Data
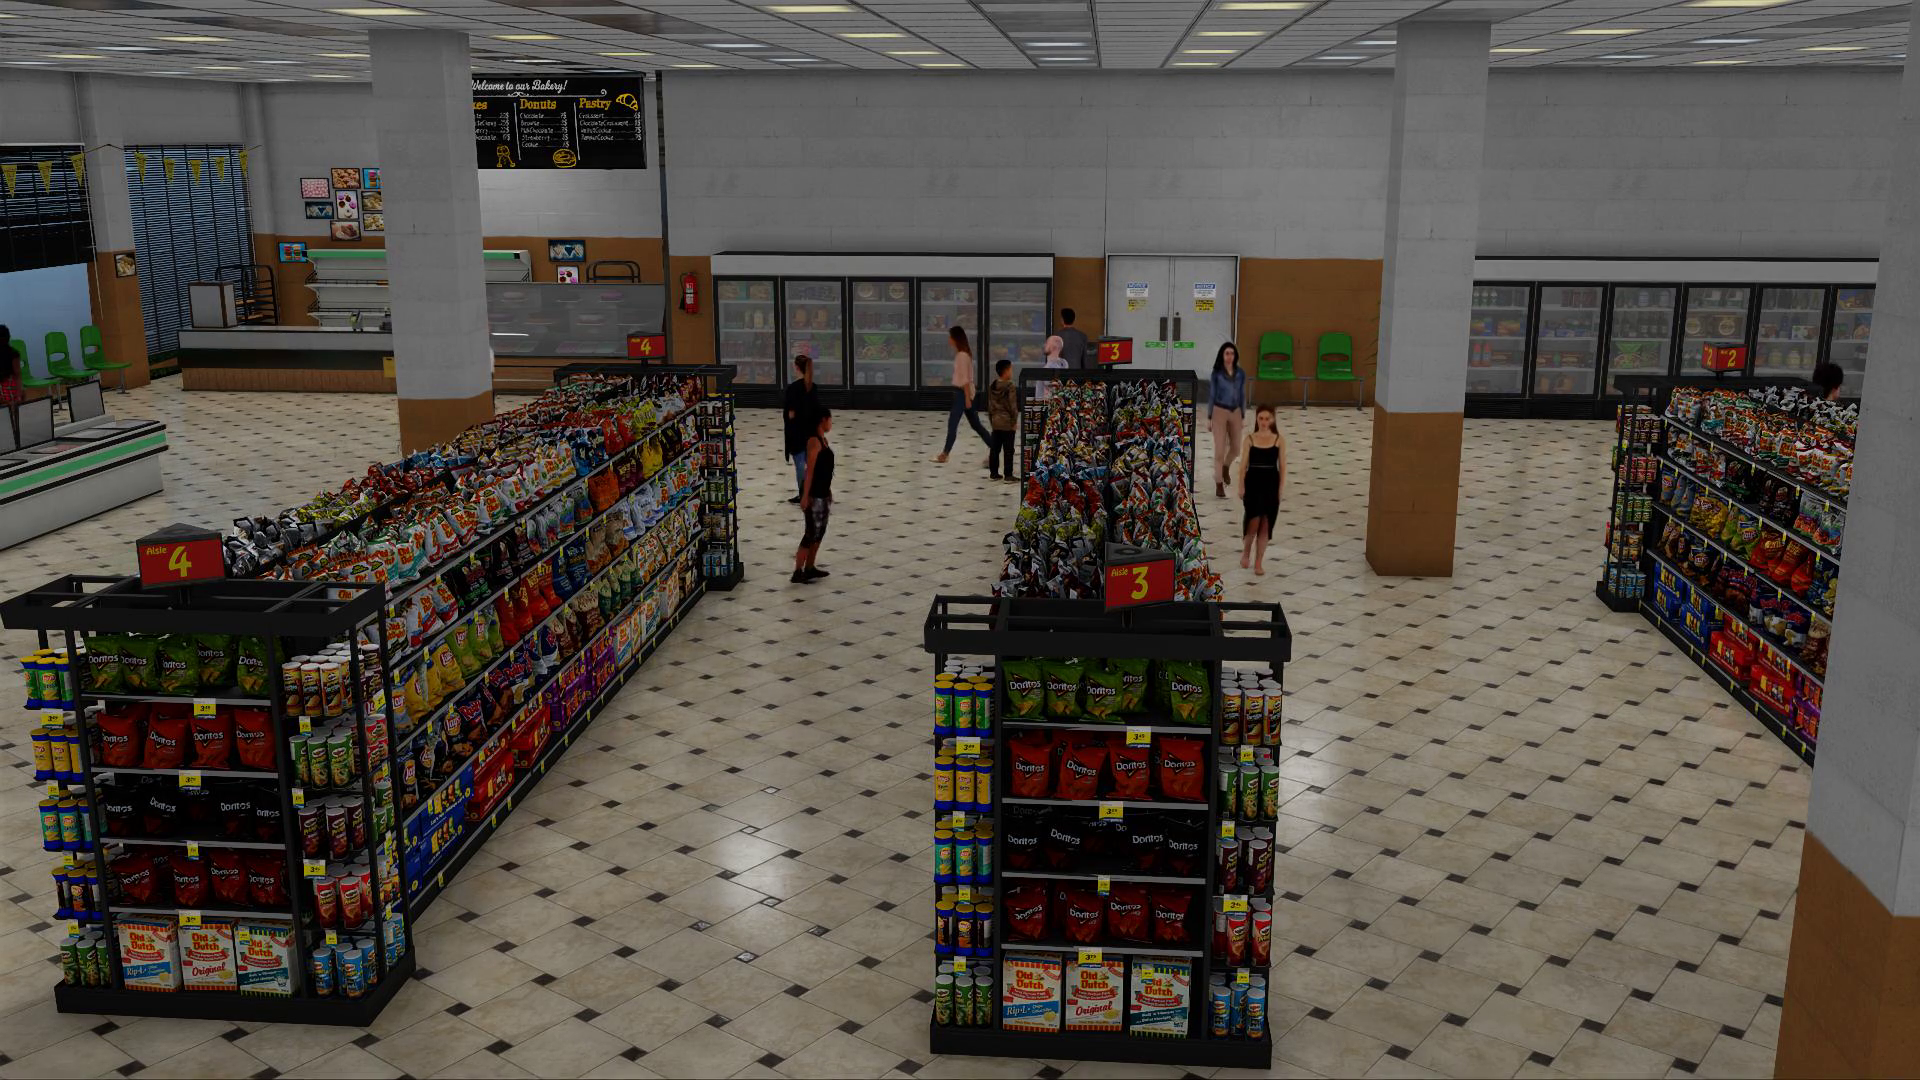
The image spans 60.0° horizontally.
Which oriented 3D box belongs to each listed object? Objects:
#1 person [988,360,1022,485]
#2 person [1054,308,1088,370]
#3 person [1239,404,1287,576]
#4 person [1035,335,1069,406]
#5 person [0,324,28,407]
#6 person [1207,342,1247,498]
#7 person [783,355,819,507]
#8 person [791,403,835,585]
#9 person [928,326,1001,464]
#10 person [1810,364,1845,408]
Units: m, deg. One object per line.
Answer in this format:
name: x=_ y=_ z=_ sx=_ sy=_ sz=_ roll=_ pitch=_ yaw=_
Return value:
person: x=0.510 y=-1.413 z=19.785 sx=0.679 sy=1.454 sz=0.722 roll=12 pitch=18 yaw=39
person: x=1.412 y=-2.086 z=21.673 sx=0.778 sy=1.872 sz=0.791 roll=-7 pitch=15 yaw=-28
person: x=2.837 y=-0.486 z=15.624 sx=0.562 sy=1.614 sz=0.648 roll=1 pitch=14 yaw=6
person: x=1.051 y=-1.435 z=19.062 sx=0.805 sy=1.837 sz=0.654 roll=7 pitch=15 yaw=25
person: x=-12.081 y=-1.823 z=20.995 sx=0.723 sy=1.680 sz=1.184 roll=-1 pitch=14 yaw=-4
person: x=3.016 y=-1.383 z=19.012 sx=0.693 sy=1.760 sz=0.850 roll=-1 pitch=14 yaw=-4
person: x=-1.743 y=-1.229 z=18.538 sx=0.778 sy=1.684 sz=0.680 roll=11 pitch=17 yaw=38
person: x=-1.376 y=-0.409 z=15.253 sx=0.816 sy=1.639 sz=0.546 roll=5 pitch=15 yaw=21
person: x=0.144 y=-1.744 z=20.563 sx=0.714 sy=1.731 sz=1.044 roll=2 pitch=14 yaw=7
person: x=9.026 y=-1.004 z=17.574 sx=0.742 sy=1.702 sz=0.656 roll=-2 pitch=14 yaw=-9

Activity
Write out the data again word for word, minus any images.

Problem solution
The image spans 60.0° horizontally.
Which oriented 3D box belongs to each listed object? Objects:
#1 person [988,360,1022,485]
#2 person [1054,308,1088,370]
#3 person [1239,404,1287,576]
#4 person [1035,335,1069,406]
#5 person [0,324,28,407]
#6 person [1207,342,1247,498]
#7 person [783,355,819,507]
#8 person [791,403,835,585]
#9 person [928,326,1001,464]
#10 person [1810,364,1845,408]
Units: m, deg. One object per line.
Answer in this format:
name: x=_ y=_ z=_ sx=_ sy=_ sz=_ roll=_ pitch=_ yaw=_
Return value:
person: x=0.510 y=-1.413 z=19.785 sx=0.679 sy=1.454 sz=0.722 roll=12 pitch=18 yaw=39
person: x=1.412 y=-2.086 z=21.673 sx=0.778 sy=1.872 sz=0.791 roll=-7 pitch=15 yaw=-28
person: x=2.837 y=-0.486 z=15.624 sx=0.562 sy=1.614 sz=0.648 roll=1 pitch=14 yaw=6
person: x=1.051 y=-1.435 z=19.062 sx=0.805 sy=1.837 sz=0.654 roll=7 pitch=15 yaw=25
person: x=-12.081 y=-1.823 z=20.995 sx=0.723 sy=1.680 sz=1.184 roll=-1 pitch=14 yaw=-4
person: x=3.016 y=-1.383 z=19.012 sx=0.693 sy=1.760 sz=0.850 roll=-1 pitch=14 yaw=-4
person: x=-1.743 y=-1.229 z=18.538 sx=0.778 sy=1.684 sz=0.680 roll=11 pitch=17 yaw=38
person: x=-1.376 y=-0.409 z=15.253 sx=0.816 sy=1.639 sz=0.546 roll=5 pitch=15 yaw=21
person: x=0.144 y=-1.744 z=20.563 sx=0.714 sy=1.731 sz=1.044 roll=2 pitch=14 yaw=7
person: x=9.026 y=-1.004 z=17.574 sx=0.742 sy=1.702 sz=0.656 roll=-2 pitch=14 yaw=-9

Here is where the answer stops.